Given how they listed the mechanic as the contact for the work I hired them to do, I would think they are definitely one of those kinds of companies. I don't see how any other conclusion is possible.



> But I suggest that this may alter somewhat, over time, as:
> 
> 1) More people become familiar with the internet to buy and sell
> 2) Buyers become more sophisticated users of search
> ...


I think some of these things are true today. Above, I indicated I was doing web searches seeking out the part to *buy* for my car. The company I ended up dealing with didn't make the part I needed for the general public to buy.



> A high number of impressions doesn't automatically translate into a high number of clicks. But if the SEOs in the dentist example are doing their job properly then there is clearly demand from interested searchers - and hence for those services.


Yep, most definitely. The difference here is the dentist's practice is one geared toward the general public. In the cases lordsmurf cited, those companies seeking to deal with other companies will most likely use the avenues and channels most prudent for their needs and those channels won't be Google or Bing.

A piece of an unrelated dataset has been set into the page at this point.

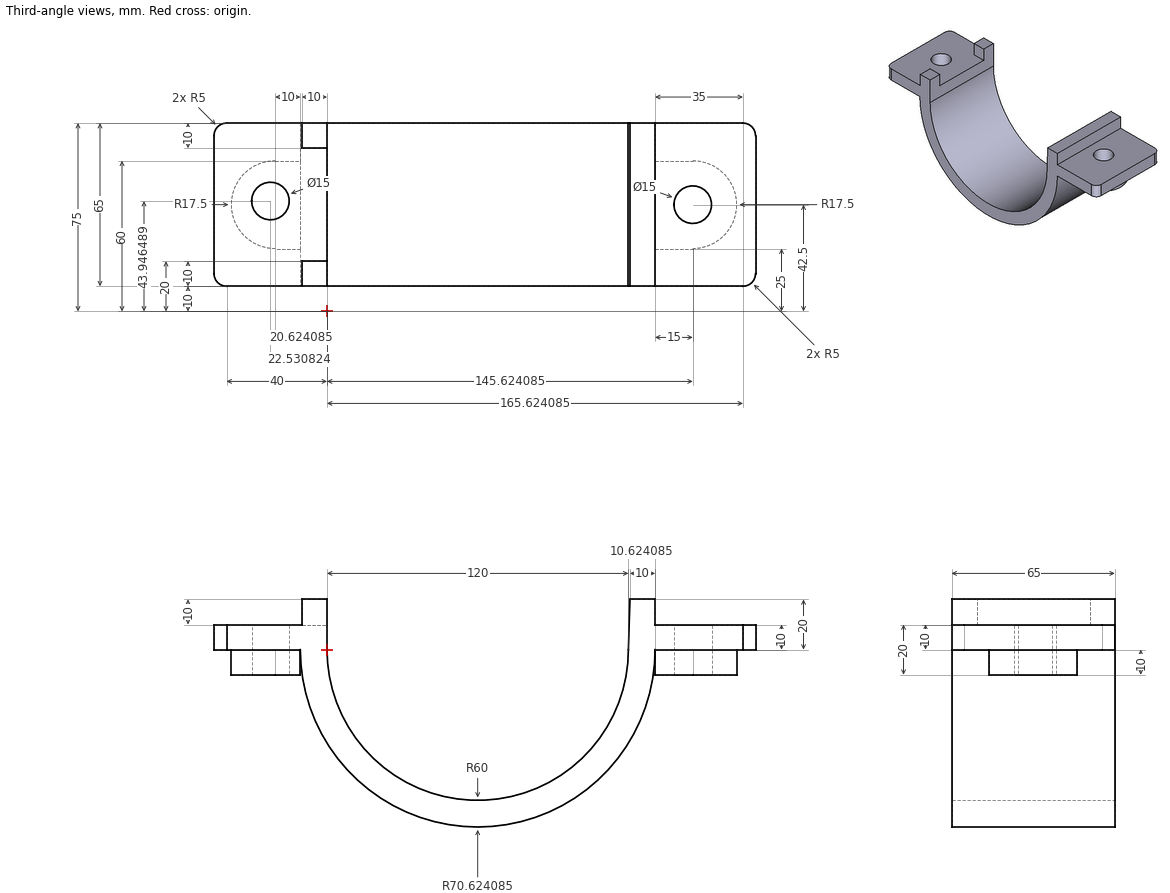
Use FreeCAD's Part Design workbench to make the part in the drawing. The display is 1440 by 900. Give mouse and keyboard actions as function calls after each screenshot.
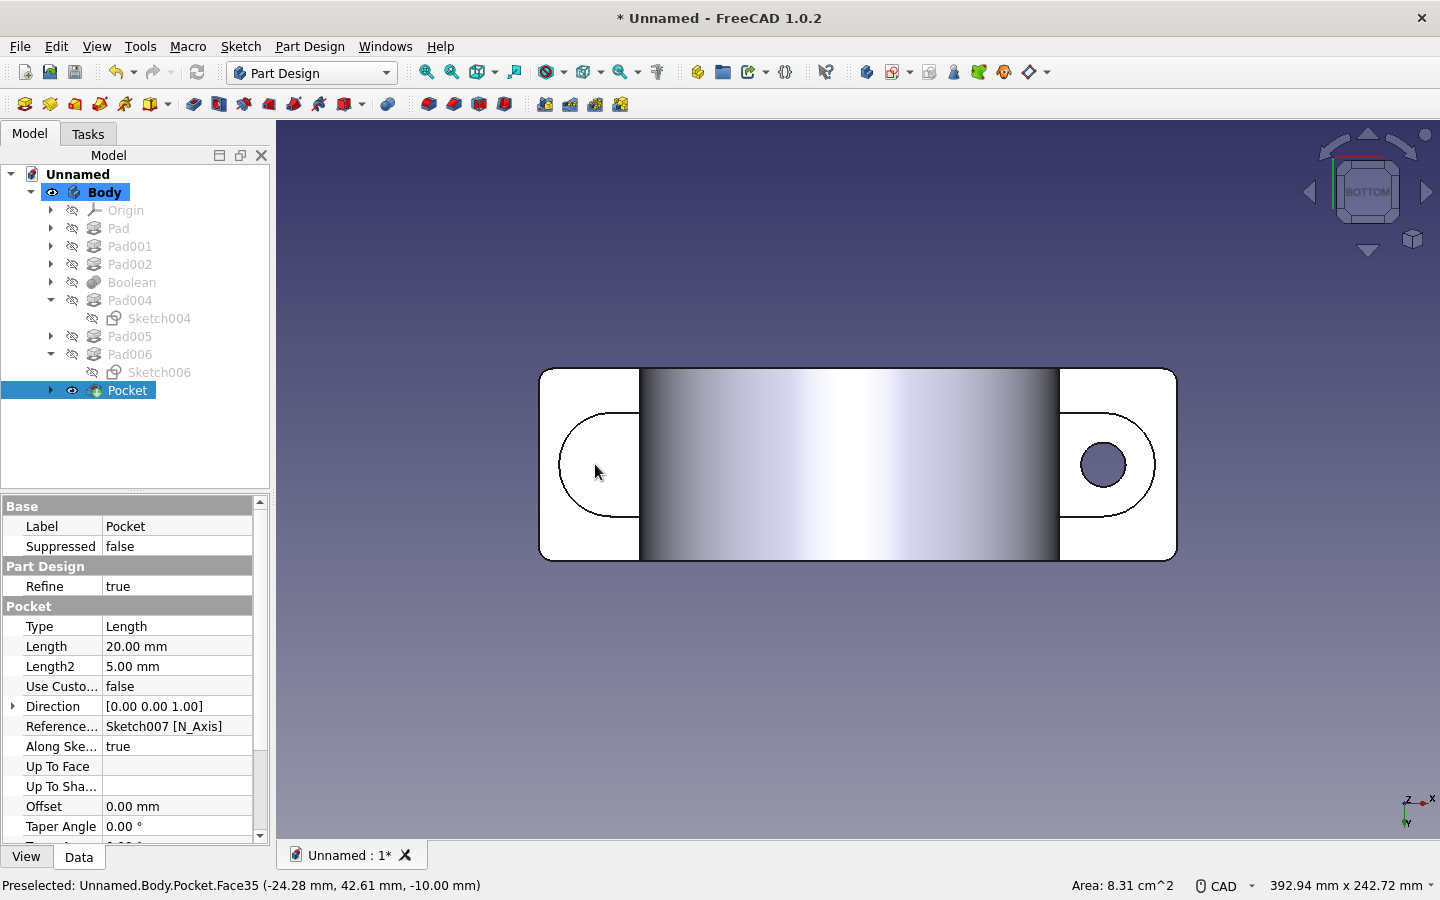
click(892, 72)

> In many cases - perhaps a dentist is a good example - customers will find the address or telephone number in the search results and call or visit in person. I would suggest that if there are a significant number of impressions for truly relevant keywords - but no change in clicks, visits, or calls, then the website is failing to funnel impressions into conversions. There are many possible reasons for this.


Unfortunately, in the case of that dentist, they didn't do a good job of tracking the actual sources of contacts from new patients. They tell me a lot of their biz comes from "the internet" but they can't tell me any more than that. So, I don't think they have a good sense the actual impact the SEO they are paying for is having on the practice.



> DSI Canada could keep customers engaged with well-researched compelling content aimed at their target market.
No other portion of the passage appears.